This document describes a change to the cluster metric to enhance the allocation efficiency of Ganeti’s htools.
Contents
Ganeti’s htools, which typically make all allocation and balancing decisions, greedily try to improve the cluster metric. So it is important that the cluster metric faithfully reflects the objectives of these operations. Currently the cluster metric is composed of counting violations (instances on offline nodes, nodes that are not N+1 redundant, etc) and the sum of standard deviations of relative resource usage of the individual nodes. The latter component is to ensure that all nodes equally bear the load of the instances. This is reasonable for resources where the total usage is independent of its distribution, as it is the case for CPU, disk, and total RAM. It is, however, not true for reserved memory. By distributing its secondaries more widespread over the cluster, a node can reduce its reserved memory without increasing it on other nodes. Not taking this aspect into account has lead to quite inefficient allocation of instances on the cluster (see example below).

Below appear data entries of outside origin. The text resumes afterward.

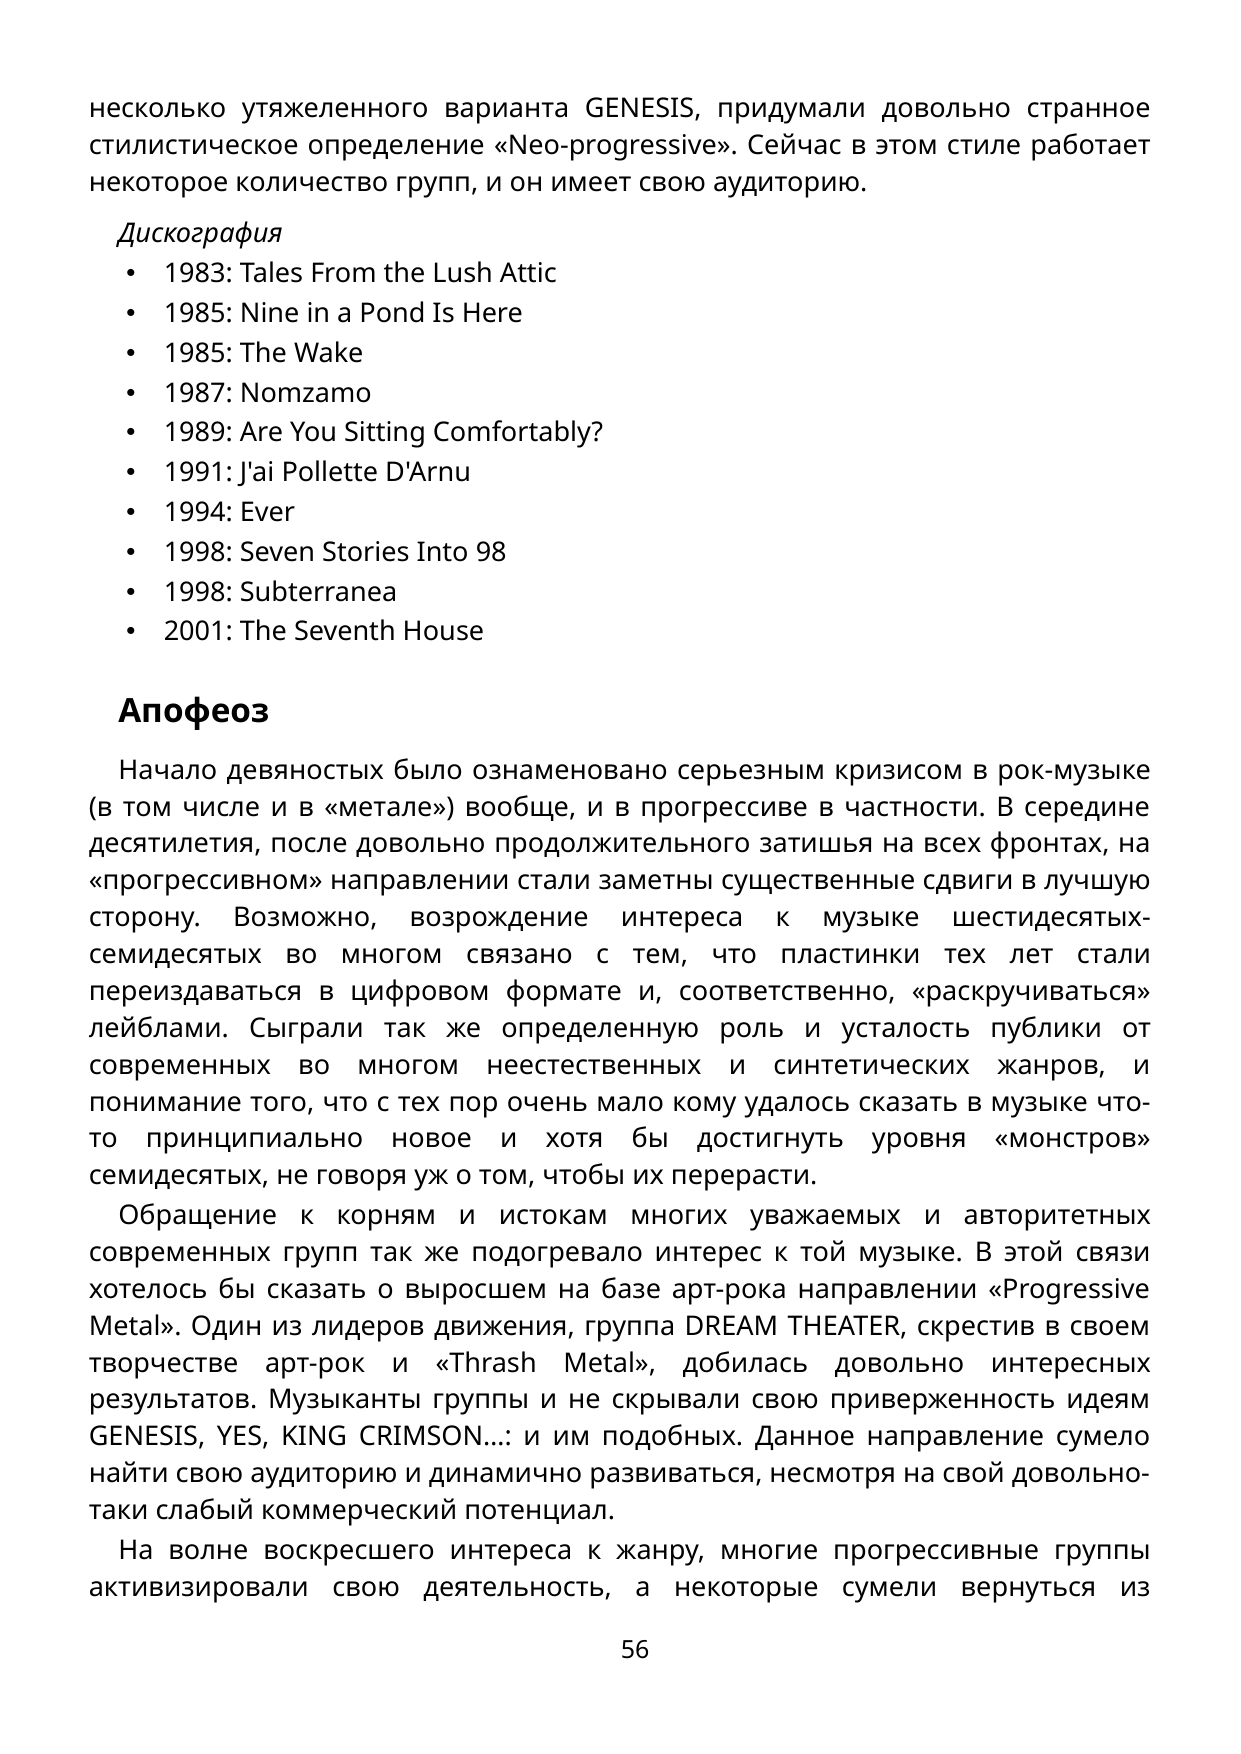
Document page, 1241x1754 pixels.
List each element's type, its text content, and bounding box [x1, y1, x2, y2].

list 1989: Are You Sitting Comfortably? [126, 413, 1152, 450]
text Обращение к корням и истокам многих уважаемых и авторитетных современных групп так же подогревало интерес к той музыке. В этой связи хотелось бы сказать о выросшем на базе арт-рока направлении «Progressive Metal». Один из лидеров движения, группа DREAM THEATER, скрестив в своем творчестве арт-рок и «Thrash Metal», добилась довольно интересных результатов. Музыканты группы и не скрывали свою приверженность идеям GENESIS, YES, KING CRIMSON…: и им подобных. Данное направление сумело найти свою аудиторию и динамично развиваться, несмотря на свой довольно-таки слабый коммерческий потенциал. [88, 1196, 1152, 1527]
text Начало девяностых было ознаменовано серьезным кризисом в рок-музыке (в том числе и в «метале») вообще, и в прогрессиве в частности. В середине десятилетия, после довольно продолжительного затишья на всех фронтах, на «прогрессивном» направлении стали заметны существенные сдвиги в лучшую сторону. Возможно, возрождение интереса к музыке шестидесятых-семидесятых во многом связано с тем, что пластинки тех лет стали переиздаваться в цифровом формате и, соответственно, «раскручиваться» лейблами. Сыграли так же определенную роль и усталость публики от современных во многом неестественных и синтетических жанров, и понимание того, что с тех пор очень мало кому удалось сказать в музыке что-то принципиально новое и хотя бы достигнуть уровня «монстров» семидесятых, не говоря уж о том, чтобы их перерасти. [88, 750, 1152, 1193]
list 1998: Seven Stories Into 98 [126, 532, 1152, 569]
list 1991: J'ai Pollette D'Arnu [126, 453, 1152, 489]
list 1985: Nine in a Pond Is Here [126, 293, 1152, 330]
subtitle Дискография [88, 214, 1152, 251]
list 1983: Tales From the Lush Attic [126, 254, 1152, 291]
list 1994: Ever [126, 492, 1152, 529]
list 1987: Nomzamo [126, 373, 1152, 410]
list 1998: Subterranea [126, 572, 1152, 609]
list 1985: The Wake [126, 333, 1152, 370]
subtitle Апофеоз [118, 687, 1152, 732]
text несколько утяжеленного варианта GENESIS, придумали довольно странное стилистическое определение «Neo-progressive». Сейчас в этом стиле работает некоторое количество групп, и он имеет свою аудиторию. [88, 88, 1152, 199]
list 2001: The Seventh House [126, 612, 1152, 649]
text На волне воскресшего интереса к жанру, многие прогрессивные группы активизировали свою деятельность, а некоторые сумели вернуться из [88, 1530, 1152, 1604]
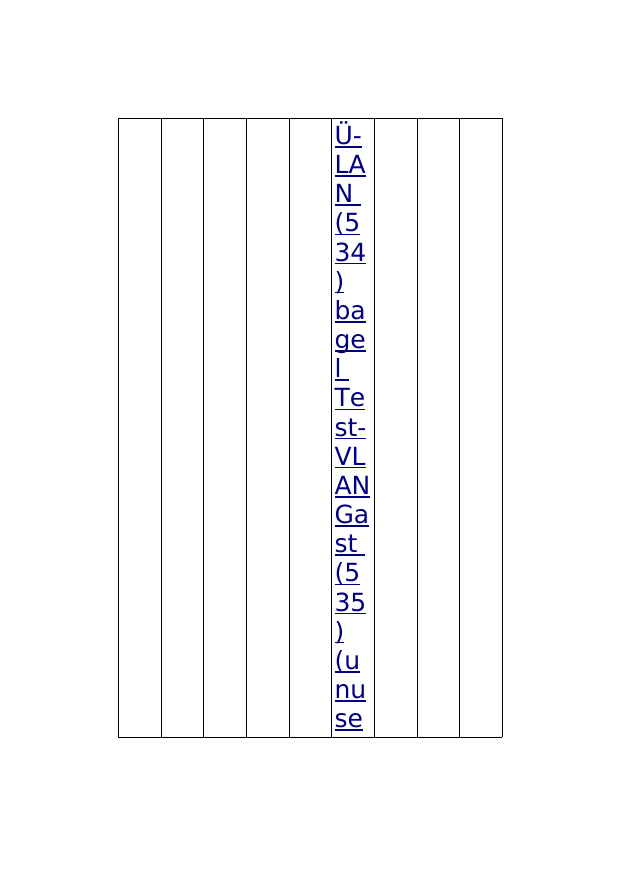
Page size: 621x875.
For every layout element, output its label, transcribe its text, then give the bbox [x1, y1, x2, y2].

table_cell [204, 119, 246, 737]
table_cell [418, 119, 459, 737]
table_cell Ü-LAN (534) bagel Test-VLAN Gast (535) (unuse [332, 119, 374, 737]
table_cell [290, 119, 331, 737]
table_cell [162, 119, 203, 737]
table_cell [375, 119, 417, 737]
table_cell [247, 119, 289, 737]
table_cell [119, 119, 161, 737]
table_cell [460, 119, 502, 737]
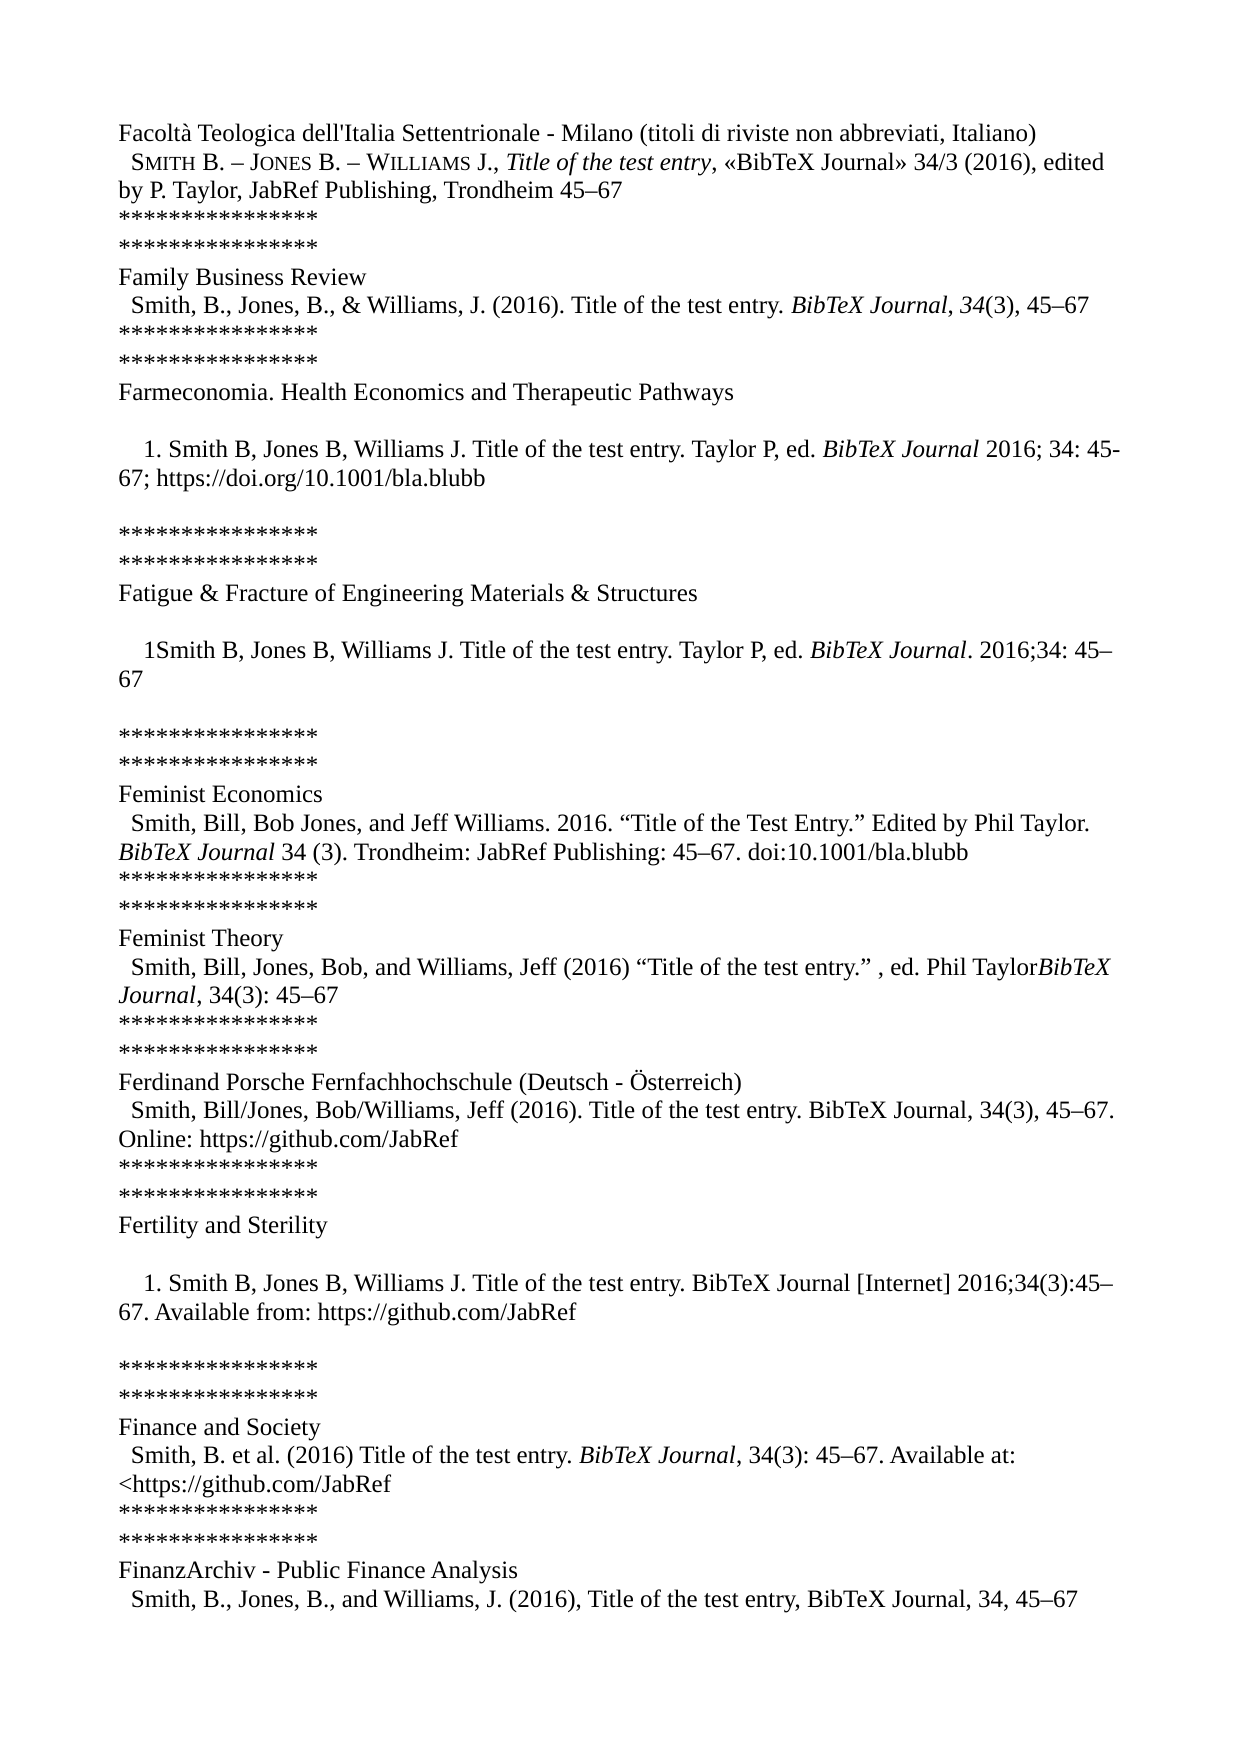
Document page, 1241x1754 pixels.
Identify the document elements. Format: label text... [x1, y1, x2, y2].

text **************** **************** Fertility and Sterility 1. Smith B, Jones B, Williams J. Title of the test entry. BibTeX Journal [Internet] 2016;34(3):45–67. Available from: https://github.com/JabRef **************** **************** Finance and Society Smith, B. et al. (2016) Title of the test entry. BibTeX Journal, 34(3): 45–67. Available at: <https://github.com/JabRef **************** **************** FinanzArchiv - Public Finance Analysis Smith, B., Jones, B., and Williams, J. (2016), Title of the test entry, BibTeX Journal, 34, 45–67 [118, 1153, 1122, 1613]
text **************** **************** Ferdinand Porsche Fernfachhochschule (Deutsch - Österreich) Smith, Bill/Jones, Bob/Williams, Jeff (2016). Title of the test entry. BibTeX Journal, 34(3), 45–67. Online: https://github.com/JabRef [118, 1009, 1122, 1153]
text **************** **************** Feminist Theory Smith, Bill, Jones, Bob, and Williams, Jeff (2016) “Title of the test entry.” , ed. Phil TaylorBibTeX Journal, 34(3): 45–67 [118, 866, 1122, 1009]
text Facoltà Teologica dell'Italia Settentrionale - Milano (titoli di riviste non abbreviati, Italiano) Smith B. – Jones B. – Williams J., Title of the test entry, «BibTeX Journal» 34/3 (2016), edited by P. Taylor, JabRef Publishing, Trondheim 45–67 [118, 118, 1122, 204]
text **************** **************** Feminist Economics Smith, Bill, Bob Jones, and Jeff Williams. 2016. “Title of the Test Entry.” Edited by Phil Taylor. BibTeX Journal 34 (3). Trondheim: JabRef Publishing: 45–67. doi:10.1001/bla.blubb [118, 693, 1122, 866]
text **************** **************** Farmeconomia. Health Economics and Therapeutic Pathways 1. Smith B, Jones B, Williams J. Title of the test entry. Taylor P, ed. BibTeX Journal 2016; 34: 45-67; https://doi.org/10.1001/bla.blubb **************** **************** Fatigue & Fracture of Engineering Materials & Structures 1Smith B, Jones B, Williams J. Title of the test entry. Taylor P, ed. BibTeX Journal. 2016;34: 45–67 [118, 319, 1122, 693]
text **************** **************** Family Business Review Smith, B., Jones, B., & Williams, J. (2016). Title of the test entry. BibTeX Journal, 34(3), 45–67 [118, 204, 1122, 319]

A new additive component is added to the cluster metric. It is the sum over all nodes of the fraction of reserved memory. This way, moves and allocations that reduce the amount of memory reserved to ensure N+1 redundancy are favored.
Note that this component does not have the scaling of standard deviations of fractions, but, instead counts nodes reserved for N+1 redundancy. In an ideal allocation, this will not exceed 1. But bad allocations will violate this property. As waste of reserved memory is a more future-oriented problem than, e.g., current N+1 violations, we give the new component a relatively small weight of 0.25, so that counting current violations still dominate.
Another consequence of this metric change is that the value 0 is no longer obtainable: as soon as we have DRBD instance, we have to reserve memory. However, in most cases only differences of scores influence decissions made. In the few cases, were absolute values of the cluster score are specified, they are interpreted as relative to the theoretical minimum of the reserved memory score.
Consider the capacity of an empty cluster of 6 nodes, each capable of holding 10 instances; this can be measured, e.g., by hspace --simulate=p,6,204801,10241,21 --disk-template=drbd --standard-alloc=10240,1024,2. Without the metric change 34 standard instances are allocated. With the metric change, 48 standard instances are allocated. This is a 41% increase in utilization.